Markov and his colleague Valeria Bertacco, professor of electrical engineering and computer science at Michigan, developed software that tackles the bug-fixing problem after the first round of prototypes has come back to the chip maker. “When you have a first version of a chip, it’s not ready to give to the consumer,” says Bertacco. Engineers need to try to run operating systems and software on it to see if it works, and this process can take anywhere from a couple of hours to a week, depending on the number of flaws in the chips.
“It’s very hard to figure out what is wrong,” Bertacco says. And once an engineer has identified a bug–which can be anything from wires spaced too closely together to misplaced transistors–it’s not always clear what the best fix will be. Often, engineers repair one problem only to discover in the next round of prototypes that their solutions have inadvertently added other flaws. Prototypes can take months to build, and they are expensive: changing the designs on the masks used to pattern layers of transistors and wires on the chips costs millions of dollars.
Currently, when a prototype comes back to a chip maker, engineers hook it up to electrical probes that send electrical signals through it and record the output, explains Bertacco.

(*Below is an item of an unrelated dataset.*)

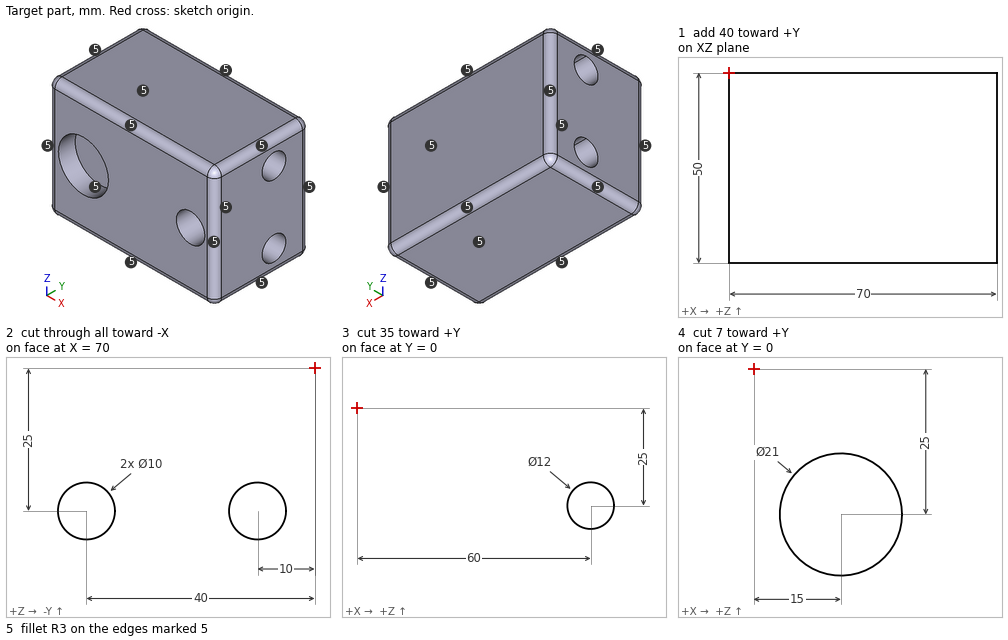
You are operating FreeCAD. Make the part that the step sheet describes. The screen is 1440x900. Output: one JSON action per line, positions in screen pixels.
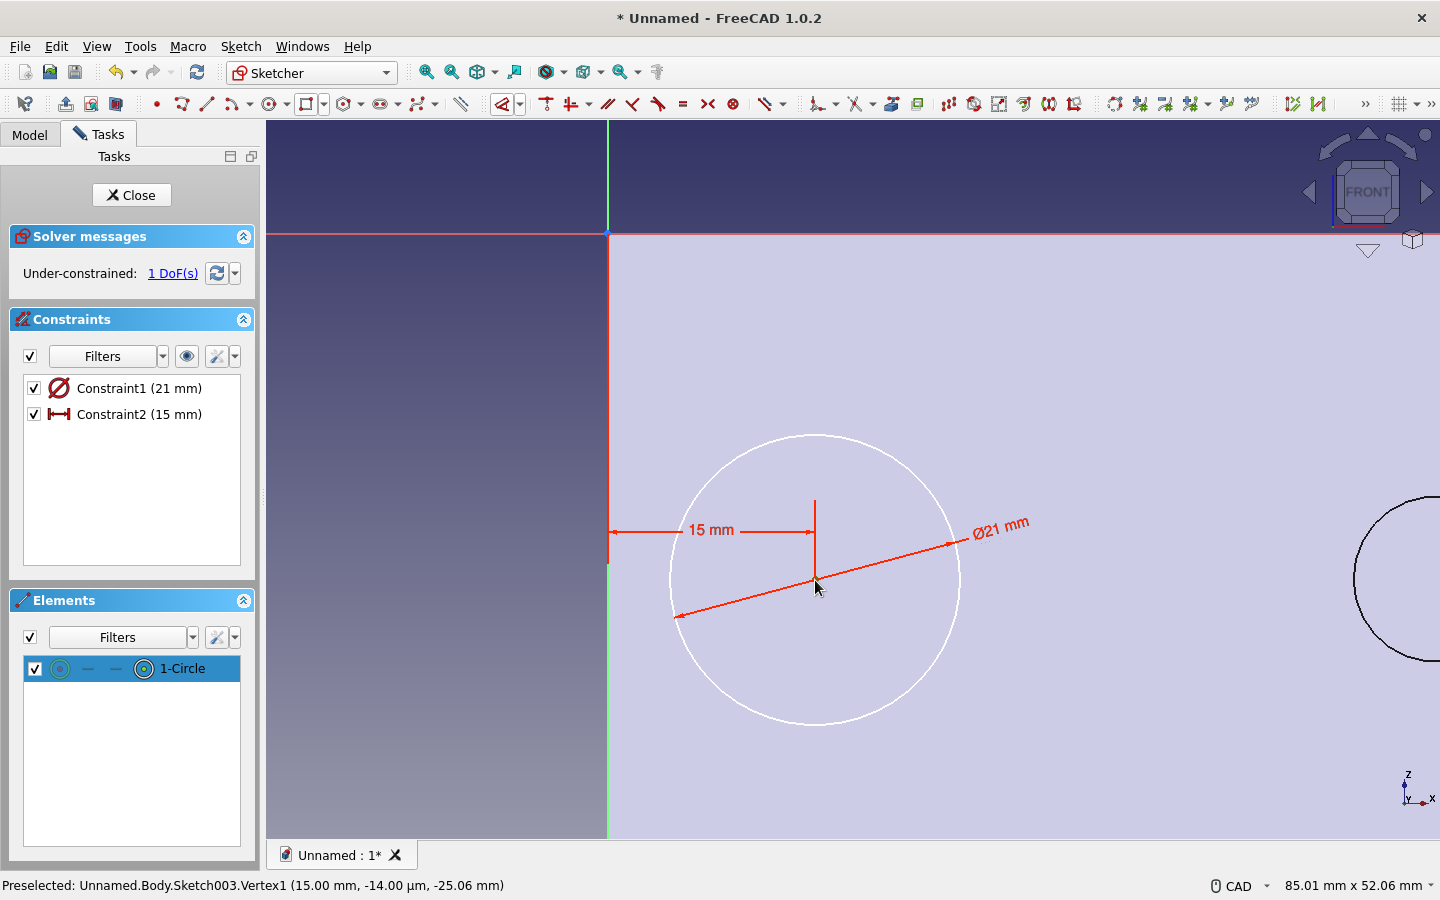
{"action": "key", "text": "i"}

Different signals go to different parts of the chip, and by trying out thousands of signals, engineers can usually locate a problem. Then they propose a series of possible solutions. Sometimes they simply need to remove a connection between two wires in one of the upper layers of the chip. This can be done using equipment readily available in the lab, and the chip can quickly be retested. Other times, fixes are needed at lower layers within the chip, where the transistors make up logic gates. These transistors can’t be so easily adjusted and retested.